▶ **Your goal**:
With the images omitted, return all of the entries exactly as they stand.

(Beginning of Data to examine)

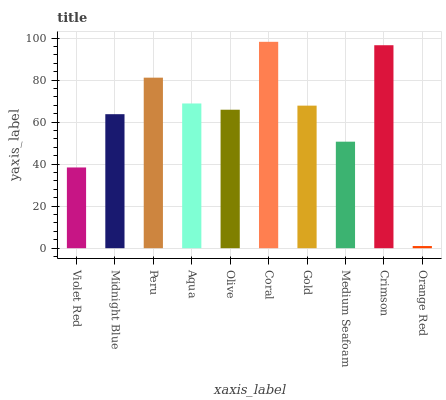Is Orange Red the minimum?
Answer yes or no. Yes. Is Coral the maximum?
Answer yes or no. Yes. Is Midnight Blue the minimum?
Answer yes or no. No. Is Midnight Blue the maximum?
Answer yes or no. No. Is Midnight Blue greater than Violet Red?
Answer yes or no. Yes. Is Violet Red less than Midnight Blue?
Answer yes or no. Yes. Is Violet Red greater than Midnight Blue?
Answer yes or no. No. Is Midnight Blue less than Violet Red?
Answer yes or no. No. Is Gold the high median?
Answer yes or no. Yes. Is Olive the low median?
Answer yes or no. Yes. Is Midnight Blue the high median?
Answer yes or no. No. Is Midnight Blue the low median?
Answer yes or no. No. 
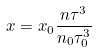<formula> <loc_0><loc_0><loc_500><loc_500>x = x _ { 0 } \frac { n \tau ^ { 3 } } { n _ { 0 } \tau _ { 0 } ^ { 3 } }</formula> 
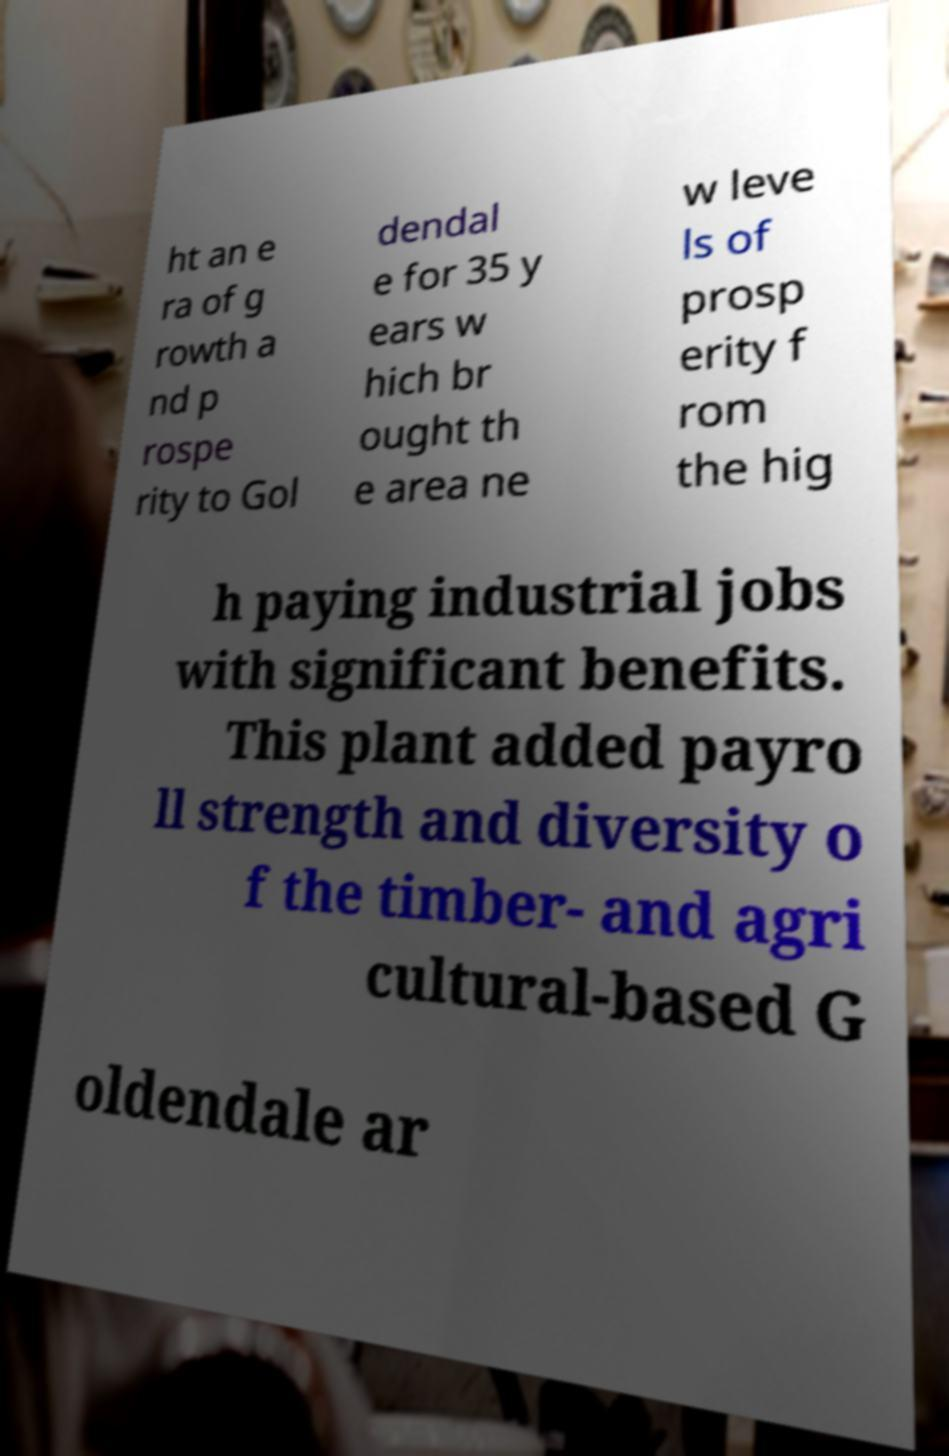Could you assist in decoding the text presented in this image and type it out clearly? ht an e ra of g rowth a nd p rospe rity to Gol dendal e for 35 y ears w hich br ought th e area ne w leve ls of prosp erity f rom the hig h paying industrial jobs with significant benefits. This plant added payro ll strength and diversity o f the timber- and agri cultural-based G oldendale ar 
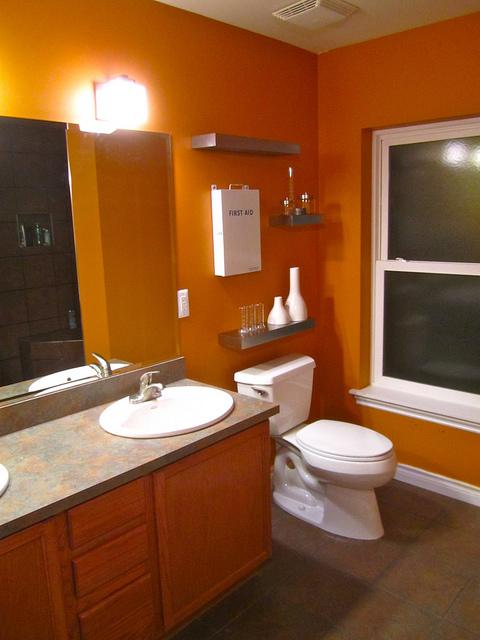Is it daytime?
Be succinct. No. Which relative would be most likely to have this bathroom?
Be succinct. Mother. What kind of room is this?
Write a very short answer. Bathroom. How many cabinets are above the sink?
Be succinct. 0. What room is this?
Concise answer only. Bathroom. Is there a window in the room?
Be succinct. Yes.

(End of Data to examine)

▶ **Reply to the exercise**:
Is Orange Red the minimum?
Answer yes or no. Yes. Is Coral the maximum?
Answer yes or no. Yes. Is Midnight Blue the minimum?
Answer yes or no. No. Is Midnight Blue the maximum?
Answer yes or no. No. Is Midnight Blue greater than Violet Red?
Answer yes or no. Yes. Is Violet Red less than Midnight Blue?
Answer yes or no. Yes. Is Violet Red greater than Midnight Blue?
Answer yes or no. No. Is Midnight Blue less than Violet Red?
Answer yes or no. No. Is Gold the high median?
Answer yes or no. Yes. Is Olive the low median?
Answer yes or no. Yes. Is Midnight Blue the high median?
Answer yes or no. No. Is Midnight Blue the low median?
Answer yes or no. No. 
<formula> <loc_0><loc_0><loc_500><loc_500>x = x _ { 0 } \frac { n \tau ^ { 3 } } { n _ { 0 } \tau _ { 0 } ^ { 3 } }</formula> 
Could you assist in decoding the text presented in this image and type it out clearly? ht an e ra of g rowth a nd p rospe rity to Gol dendal e for 35 y ears w hich br ought th e area ne w leve ls of prosp erity f rom the hig h paying industrial jobs with significant benefits. This plant added payro ll strength and diversity o f the timber- and agri cultural-based G oldendale ar 
Is it daytime?
Be succinct. No. Which relative would be most likely to have this bathroom?
Be succinct. Mother. What kind of room is this?
Write a very short answer. Bathroom. How many cabinets are above the sink?
Be succinct. 0. What room is this?
Concise answer only. Bathroom. Is there a window in the room?
Be succinct. Yes.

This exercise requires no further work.